Handoffs are where missing memory becomes visible.
Learning In Layers
I have started changing my own workflow around this.
When I work through a problem with an agent, I add to the project memory when we reach a new level of understanding: a sharper frame, a corrected assumption, a better abstraction, or a decision I know I will want to recover later.
That is when I say: “Take a checkpoint here.”
It does not replace what came before. It adds another layer.
Over time, these checkpoints become a trail of how understanding developed: what I believed, what corrected it, which constraints appeared, and which decisions became obsolete.

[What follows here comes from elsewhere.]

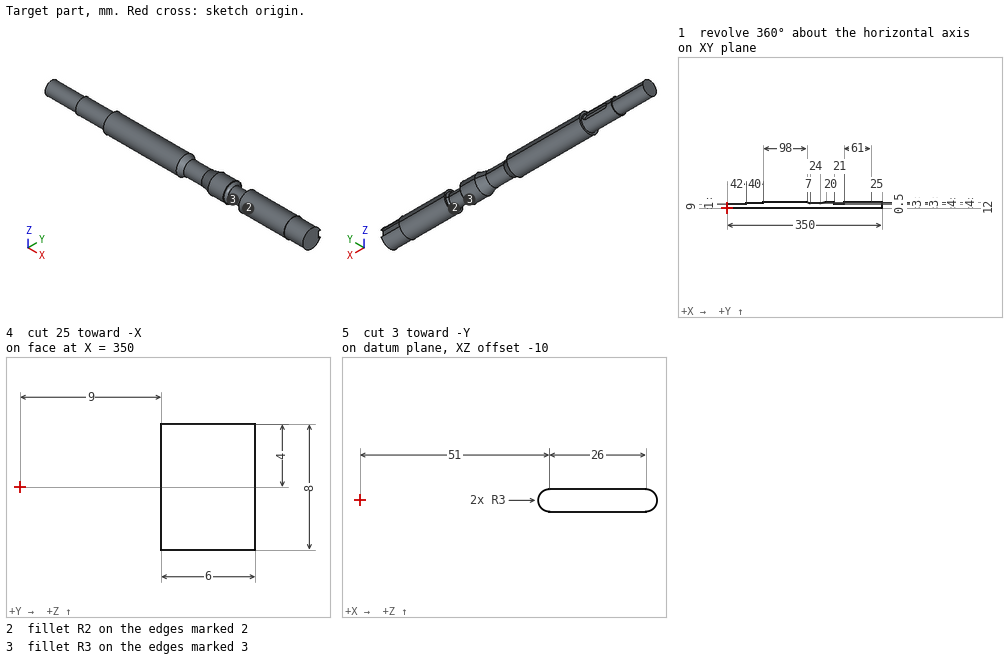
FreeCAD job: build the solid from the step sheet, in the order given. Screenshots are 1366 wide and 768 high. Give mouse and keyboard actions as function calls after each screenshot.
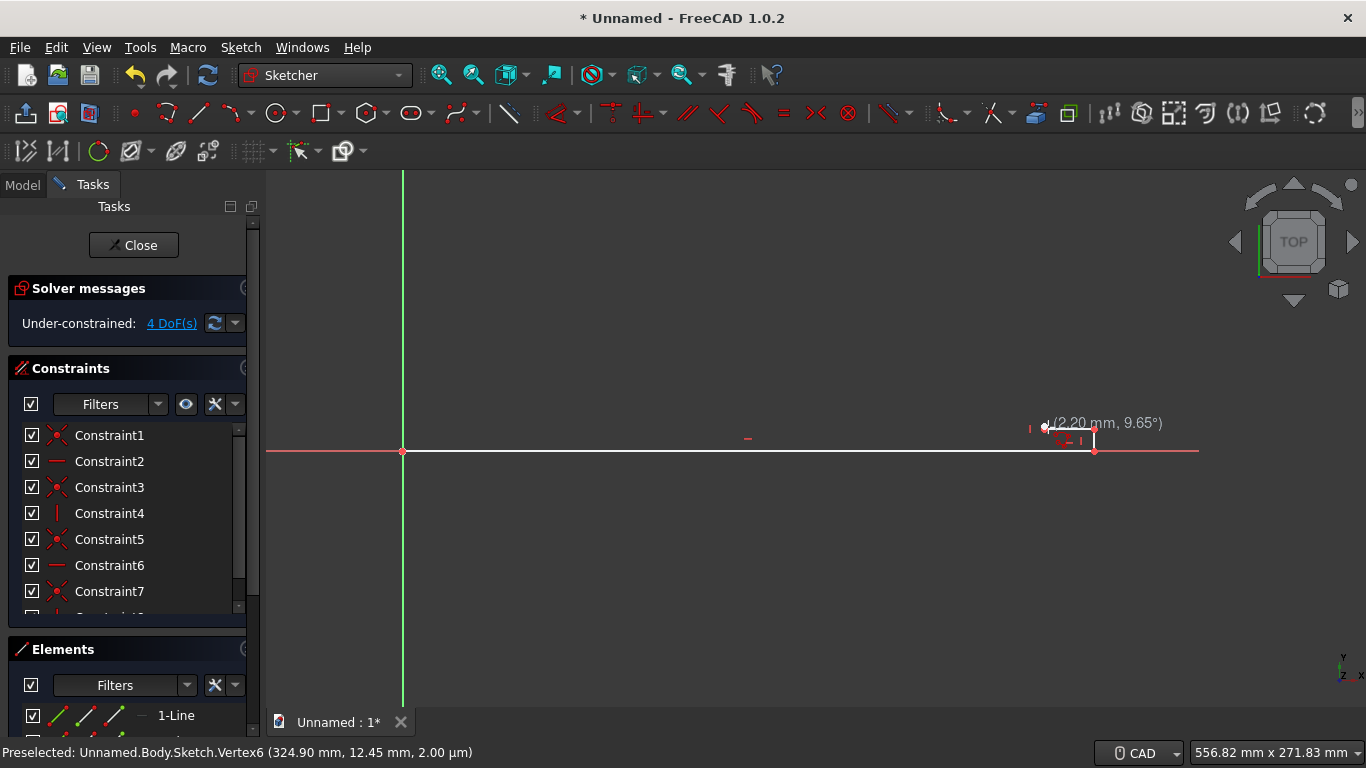
click(924, 427)

In a small way, this embeds my own learning into what the agent can retrieve later. Not just the conclusion, but the mistakes that taught me how to reach it.
Software teams need the same thing at project scale.
Where It Pays Off
The point is not better search over old messages. The point is making past engineering judgement reusable where teams actually need it.
Imagine an incident touches three workstreams. The answer you want later is not just one incident summary. You want a slice through the project at that point in time: what was happening, which decisions were live, who was involved, what later changed, and what the team learned.
Once you have that foundation, the same substrate supports several workflows.
Documentation gets better because an agent can explain a feature from the history that produced it, not just from the final state of the code.
Code review gets sharper because the agent can recognise when a change touches a painful area and who has the context to review it.
Onboarding gets more grounded because a new teammate can ask what matters before touching a feature and get the answer a senior engineer would normally have to explain.
You do not need separate memory for docs, review, onboarding, and incidents. You need the team’s experience captured in a way the agent can retrieve and interpret for the task at hand.
Engineering Memory Infrastructure
This is not mainly about making agents more autonomous.
Autonomy is the flashy bit. Reliability is the useful bit.
A memory-aware agent should be more grounded and easier to challenge. It should be able to show what it is relying on: the trace, the decision, the incident, the owner, the newer understanding that superseded the older one.
Making an agent sound confident is not the hard part.
The hard part is giving it the right evidence to be confident about.
Treating engineering memory seriously means treating it as infrastructure: source ingestion, time-aware indexing, provenance, ownership, freshness, permissions, and a way to tell when one piece of understanding has been superseded by another.
The exact shape will differ by team. A small team might start with disciplined markdown traces and decision records. A larger organisation might need deeper indexing across PRs, incidents, docs, chat, and code ownership.
But the requirement is the same.
Without structure, the agent can retrieve text, but it cannot tell what the text means in the life of the project.
The snapshot tells you what the system does.
The accumulated history tells you why.
Engineering memory infrastructure is how we give agents access to both.